Comment by loqs (loqs) - Tuesday, 28 January 2020, 00:50 GMT
There are four merge requests after d4761521a296dd85e0cf06925afcfabd1c3d03aa which look to contain all the commits up to head
Can you change the commit in the PKGBUILD to the values below and find the first one that works
Comment by Troy Engel (TE) - Wednesday, 29 January 2020, 00:13 GMT
The first commit 9e1cd3bd76e738d80630f1bd9160fd87c8eab865 worked, I didn't even need to go any further. :) Using this one, the errors are gone and no death pause -backups/logs look normal.
Comment by Troy Engel (TE) - Sunday, 23 February 2020, 14:53 GMT
Minor update and alternate solution - the above commit ID has been working OK for about a month now.

Upstream duplicity hasn't seen any movement in this area (boto3+gs://) and the moving target aspect of Boto(3)+GCloud supportability made me uneasy, so I've switch my backend to rclone:// and am (successfully) testing it with duplicity/duply.

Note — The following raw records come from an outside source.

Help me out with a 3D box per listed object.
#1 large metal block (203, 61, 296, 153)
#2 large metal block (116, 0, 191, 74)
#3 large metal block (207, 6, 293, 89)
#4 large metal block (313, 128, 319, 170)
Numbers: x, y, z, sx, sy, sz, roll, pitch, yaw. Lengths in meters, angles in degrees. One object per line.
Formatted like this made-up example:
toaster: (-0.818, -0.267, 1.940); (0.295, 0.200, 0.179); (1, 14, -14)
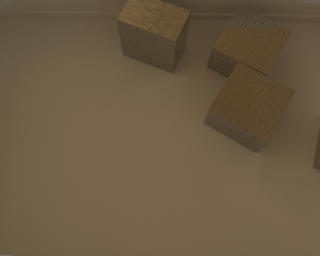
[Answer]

I simply added the same remote bucket as boto was already using and updated my duplicity/duply config from "gs://bucket" to "rclone://remote:bucket". Other than specifying the name of my remote project when prompted, I accepted all defaults during `rclone config` setup: https://rclone.org/googlecloudstorage/
Comment by Felix Yan (felixonmars) - Saturday, 07 March 2020, 21:10 GMT
Sorry for leaving it open for so long. Since upstream looks quite inactive and the request to make a new release was unanswered for ~2 months, I'm going to bump boto now. Thanks for all the efforts to fix this!